Suppliers of water filtration and recovery equipment are installing ever more sophisticated plants and there is more to come as a number of factors drive forward technological developments. Jon Masters reports

If there is a standout characteristic of water treatment to be observed in aggregates sectors, it is its very bespoke nature of a highly variable kit of parts. This may sound like stating the obvious, but there is a direct relevance to this in how dewatering and water recovery equipment is developing

There are trends emerging of more technologically advanced equipment, sometimes designed to process large quantities of material, or to provide efficient full processing with minimal loss of water in enclosed systems. Demands are mounting for ever more sophisticated washing and water recovery plant, but just as virtually every site has its own unique requirements, the make-up of demands driving equipment development is complex.

Trends can be seen in current plant installations for a variety of reasons, but in all likelihood, it will be suppliers' work with each new bespoke installation that pushes the technology forward

UK-based Weir Minerals is a global supplier of equipment to a variety of industry sectors, including dewatering and water treatment plant for mineral and aggregates processing. The firm's sales and marketing director for Europe, the Middle East and Russia, Bruce Cook, said there are four main issues impacting the likely demands of such plant for the European aggregates market. These are increasingly strict planning restrictions on new facilities, the need to extract materials from ever more diverse and contaminated sources, greater demands on dewatering and a move towards manufactured sands

Mobile solutions

"From a planning perspective, the tighter regulations that our customers are facing in many locations are causing a shift away from long term static facilities toward mobile installations that can easily be removed from site once the project is complete," he said. "This is driving increasing demand for lighter and more compact technology which is nonetheless robust and easy to maintain

"We are seeing a lot of demand for complete systems - including pumps, cyclones, dewatering cyclones or classifiers - that are either mounted on skids or trailers and can be delivered to site, run for the requisite period of time and then easily removed." Secondly, said Cook, Weir's customers are reporting the majority of easily extracted pure natural aggregates to have already been exploited from many of Europe's major sand deposits. Clients are increasingly faced with less pure sources

"This has resulted in a growing requirement for more sophisticated separation and classification equipment at a greater number of sites in order to ensure the same quality of end product is delivered. To go with the classifiers we have seen increasing demand for control systems to allow the separation of the detritus to be adjusted in response to variations in the feed to the plant," Cook said

For environmental and cost reasons, Weir's customers are also facing a growing imperative to reclaim as much water as possible from slurry mixtures.

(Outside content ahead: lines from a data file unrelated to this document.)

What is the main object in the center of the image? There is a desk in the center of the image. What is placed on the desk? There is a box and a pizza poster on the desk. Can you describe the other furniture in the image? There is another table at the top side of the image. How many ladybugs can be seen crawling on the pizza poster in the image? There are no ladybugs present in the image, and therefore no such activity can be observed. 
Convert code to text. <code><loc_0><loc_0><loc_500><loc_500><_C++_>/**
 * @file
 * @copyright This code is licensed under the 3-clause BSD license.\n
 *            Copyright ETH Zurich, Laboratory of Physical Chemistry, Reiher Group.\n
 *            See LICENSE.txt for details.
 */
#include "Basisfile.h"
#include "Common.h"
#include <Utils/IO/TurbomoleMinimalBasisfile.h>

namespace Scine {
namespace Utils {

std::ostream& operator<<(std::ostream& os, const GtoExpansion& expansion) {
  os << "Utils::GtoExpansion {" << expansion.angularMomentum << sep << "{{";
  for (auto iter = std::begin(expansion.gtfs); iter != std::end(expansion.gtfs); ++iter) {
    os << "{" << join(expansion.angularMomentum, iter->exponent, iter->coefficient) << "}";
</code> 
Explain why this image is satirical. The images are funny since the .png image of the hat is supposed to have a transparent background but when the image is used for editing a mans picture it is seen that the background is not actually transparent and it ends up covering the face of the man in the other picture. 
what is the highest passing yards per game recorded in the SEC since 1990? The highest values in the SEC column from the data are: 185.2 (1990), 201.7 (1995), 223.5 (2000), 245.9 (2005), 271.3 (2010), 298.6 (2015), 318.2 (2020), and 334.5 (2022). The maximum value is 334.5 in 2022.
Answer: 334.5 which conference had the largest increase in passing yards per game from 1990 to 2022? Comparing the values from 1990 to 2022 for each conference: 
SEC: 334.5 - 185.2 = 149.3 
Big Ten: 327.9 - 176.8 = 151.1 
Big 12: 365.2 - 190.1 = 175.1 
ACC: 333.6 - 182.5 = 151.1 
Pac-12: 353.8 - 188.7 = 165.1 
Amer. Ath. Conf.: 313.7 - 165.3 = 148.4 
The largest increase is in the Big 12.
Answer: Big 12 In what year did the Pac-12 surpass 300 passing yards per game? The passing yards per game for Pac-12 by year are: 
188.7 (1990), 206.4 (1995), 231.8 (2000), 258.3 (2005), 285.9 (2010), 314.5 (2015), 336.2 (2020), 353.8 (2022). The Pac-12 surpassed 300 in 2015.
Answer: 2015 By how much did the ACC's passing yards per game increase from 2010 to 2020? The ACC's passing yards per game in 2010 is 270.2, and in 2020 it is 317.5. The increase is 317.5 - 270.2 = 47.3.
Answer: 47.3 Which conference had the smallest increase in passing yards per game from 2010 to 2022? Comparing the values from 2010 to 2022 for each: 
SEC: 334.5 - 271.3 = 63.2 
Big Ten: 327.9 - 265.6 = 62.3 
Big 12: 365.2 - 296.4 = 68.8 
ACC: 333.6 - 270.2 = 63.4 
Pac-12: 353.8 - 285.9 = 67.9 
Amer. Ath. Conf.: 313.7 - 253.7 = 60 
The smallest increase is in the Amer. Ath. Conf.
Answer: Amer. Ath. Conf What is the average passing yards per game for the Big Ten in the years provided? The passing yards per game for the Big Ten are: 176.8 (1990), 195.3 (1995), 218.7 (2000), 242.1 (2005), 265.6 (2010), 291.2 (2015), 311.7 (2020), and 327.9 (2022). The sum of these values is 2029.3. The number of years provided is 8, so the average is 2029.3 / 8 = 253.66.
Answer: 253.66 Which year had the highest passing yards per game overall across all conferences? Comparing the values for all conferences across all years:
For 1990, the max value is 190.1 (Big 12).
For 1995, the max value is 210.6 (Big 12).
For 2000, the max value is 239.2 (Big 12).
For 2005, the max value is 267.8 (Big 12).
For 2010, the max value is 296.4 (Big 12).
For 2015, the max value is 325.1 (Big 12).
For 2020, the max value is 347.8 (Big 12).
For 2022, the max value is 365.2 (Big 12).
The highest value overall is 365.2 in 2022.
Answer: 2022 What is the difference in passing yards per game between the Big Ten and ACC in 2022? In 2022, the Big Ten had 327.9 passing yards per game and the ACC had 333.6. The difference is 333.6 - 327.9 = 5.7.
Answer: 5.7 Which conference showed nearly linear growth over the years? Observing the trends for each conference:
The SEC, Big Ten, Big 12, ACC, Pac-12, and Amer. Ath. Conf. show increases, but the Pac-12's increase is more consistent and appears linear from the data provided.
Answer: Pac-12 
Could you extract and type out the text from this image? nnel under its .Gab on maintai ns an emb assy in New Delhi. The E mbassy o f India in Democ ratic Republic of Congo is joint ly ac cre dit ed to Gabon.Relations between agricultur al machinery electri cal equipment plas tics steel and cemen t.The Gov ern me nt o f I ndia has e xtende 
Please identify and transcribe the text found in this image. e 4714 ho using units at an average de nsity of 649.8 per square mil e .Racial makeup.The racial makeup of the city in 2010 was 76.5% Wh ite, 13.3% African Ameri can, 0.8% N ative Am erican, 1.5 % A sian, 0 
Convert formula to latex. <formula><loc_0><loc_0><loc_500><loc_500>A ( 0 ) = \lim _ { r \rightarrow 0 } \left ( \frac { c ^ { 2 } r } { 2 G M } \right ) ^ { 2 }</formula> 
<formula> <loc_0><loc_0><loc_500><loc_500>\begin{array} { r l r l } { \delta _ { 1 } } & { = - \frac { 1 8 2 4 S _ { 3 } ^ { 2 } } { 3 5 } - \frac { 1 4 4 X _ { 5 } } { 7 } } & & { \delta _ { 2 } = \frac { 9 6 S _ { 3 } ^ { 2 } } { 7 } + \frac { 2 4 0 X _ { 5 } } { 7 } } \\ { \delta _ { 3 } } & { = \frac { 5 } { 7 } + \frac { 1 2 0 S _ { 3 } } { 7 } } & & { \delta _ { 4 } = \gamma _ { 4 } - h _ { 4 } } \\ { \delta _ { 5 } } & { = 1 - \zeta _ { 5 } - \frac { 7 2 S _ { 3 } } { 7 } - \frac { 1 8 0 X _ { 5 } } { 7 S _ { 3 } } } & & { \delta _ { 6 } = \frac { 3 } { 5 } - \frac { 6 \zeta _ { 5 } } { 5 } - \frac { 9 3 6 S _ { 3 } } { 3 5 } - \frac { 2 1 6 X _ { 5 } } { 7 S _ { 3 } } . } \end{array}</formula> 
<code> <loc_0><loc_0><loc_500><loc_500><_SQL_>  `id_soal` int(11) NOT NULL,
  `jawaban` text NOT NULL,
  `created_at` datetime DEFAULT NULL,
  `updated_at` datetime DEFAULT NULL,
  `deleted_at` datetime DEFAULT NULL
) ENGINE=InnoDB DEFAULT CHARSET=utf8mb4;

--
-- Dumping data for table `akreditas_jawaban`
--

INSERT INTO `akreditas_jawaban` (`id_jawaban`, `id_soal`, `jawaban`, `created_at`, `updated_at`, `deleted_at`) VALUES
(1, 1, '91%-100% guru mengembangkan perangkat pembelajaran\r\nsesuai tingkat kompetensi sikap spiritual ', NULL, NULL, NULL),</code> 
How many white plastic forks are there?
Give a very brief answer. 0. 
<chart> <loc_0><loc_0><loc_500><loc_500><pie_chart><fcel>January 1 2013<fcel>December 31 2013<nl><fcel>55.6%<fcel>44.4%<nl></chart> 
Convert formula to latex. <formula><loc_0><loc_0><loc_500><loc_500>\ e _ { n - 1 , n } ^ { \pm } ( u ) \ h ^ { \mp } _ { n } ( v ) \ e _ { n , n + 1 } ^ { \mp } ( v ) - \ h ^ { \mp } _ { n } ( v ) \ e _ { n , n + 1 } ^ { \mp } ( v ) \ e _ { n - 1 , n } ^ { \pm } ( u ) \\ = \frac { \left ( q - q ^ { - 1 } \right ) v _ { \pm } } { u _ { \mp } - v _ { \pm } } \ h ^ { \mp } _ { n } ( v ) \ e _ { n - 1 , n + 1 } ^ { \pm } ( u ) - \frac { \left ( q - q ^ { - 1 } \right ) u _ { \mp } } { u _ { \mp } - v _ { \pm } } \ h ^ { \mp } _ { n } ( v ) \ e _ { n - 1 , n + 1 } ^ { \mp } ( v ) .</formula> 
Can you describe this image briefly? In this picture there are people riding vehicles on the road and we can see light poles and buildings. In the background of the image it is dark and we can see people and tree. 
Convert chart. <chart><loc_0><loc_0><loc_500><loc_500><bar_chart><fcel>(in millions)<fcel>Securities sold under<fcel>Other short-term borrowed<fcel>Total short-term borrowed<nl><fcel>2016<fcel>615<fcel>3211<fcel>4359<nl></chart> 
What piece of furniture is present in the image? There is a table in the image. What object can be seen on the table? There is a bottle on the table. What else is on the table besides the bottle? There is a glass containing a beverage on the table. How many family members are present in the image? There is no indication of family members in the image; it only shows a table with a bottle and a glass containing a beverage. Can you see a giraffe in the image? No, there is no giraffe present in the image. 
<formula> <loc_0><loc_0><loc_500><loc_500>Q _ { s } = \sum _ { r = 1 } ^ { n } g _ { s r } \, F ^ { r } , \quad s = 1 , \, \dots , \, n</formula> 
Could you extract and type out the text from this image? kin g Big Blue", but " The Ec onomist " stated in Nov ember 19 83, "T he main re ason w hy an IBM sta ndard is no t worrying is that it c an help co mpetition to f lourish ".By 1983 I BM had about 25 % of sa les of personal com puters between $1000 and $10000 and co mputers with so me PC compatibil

This is compounding the need for more advanced equipment across the board. Cook said, "We are now frequently faced with briefs that demand just 12% to 15% water remaining in the dewatered product, where traditionally 20% to 25% was considered acceptable with natural drying. Greater reduction of water content is driving demand for dewatering cyclones and dewatering screens at an increasing number of sites." Manufactured sands created from crushed rock are now being discussed more meaningfully as a serious proposition by aggregate producers, Cook added, as they look for new revenue streams and face up to depleted stocks of sand. "If this is borne out, it will further increase the industry's appetite for advanced separation systems, as manufactured sands typically feature much greater variation in particle size than natural sources," he said

"As more stages are introduced to the process, the pressure will be on equipment suppliers to deliver an increasing range of tough yet easily controlled separation systems that are also highly cost effective. This could be a major arena for innovation in the coming years." Italian equipment supplier Fraccaroli & Balzan manufactures a full range of water filtration and recovery plant from its Verona site for various international quarrying and construction sectors

According to its area manager for North America, northern Europe, the Middle East and India, Andrea Giglioli, the market for this equipment in aggregates sectors continues to grow. Environmental legislation is still the principal driver of demand, particularly in Europe where recently joined members of the European Union such as Serbia and other former Yugoslavian countries have tight schedules for meeting European directives on pollution control

For the initial main settlement stage

of water treatment, Fraccaroli offers traditional vertical clarifiers, typically of 5m diameter and 10m in height, and radial decanters of 9m to 12m in diameter but only up to 4m in height. While flow rate dictates the necessary size of unit, criteria for selection of vertical or radial plant is a balance of meeting height restrictions of planning or environmental constraints against cost - greater foundations are needed for the radial silos

Whichever option is chosen, combination with the latest filter press plant to extract more water from the settled slurry sludge in a closed loop system, allows 95% water recovery. Some of Fraccaroli's clients are doing this on a grand scale, treating flow rates up to 200m3 per hour with big filter presses with up to 150 2m plates (supporting filter screens), or installations with multiple settlement tanks and presses. One such system, at the Nordkalk hard stone quarry in Poland, contains two decanters and three presses of 100 plates, with another filter press expected to be installed soon

"Customers are demanding bigger and bigger machines, with no limit it seems," said Giglioli. Fraccaroli's clients are also requesting mobility. The challenge is to build plant of high capacity with a compactness and ease of assembly for moving equipment within and between quarry sites

"Another thing we're facing is the need for plants to be more and more sophisticated," Giglioli said. "It is now taken for granted that water recovery processes are fully automated, with a robotic cleaning device for washing of filter screens, and it is becoming more important to include automatic control of flocculent in the system."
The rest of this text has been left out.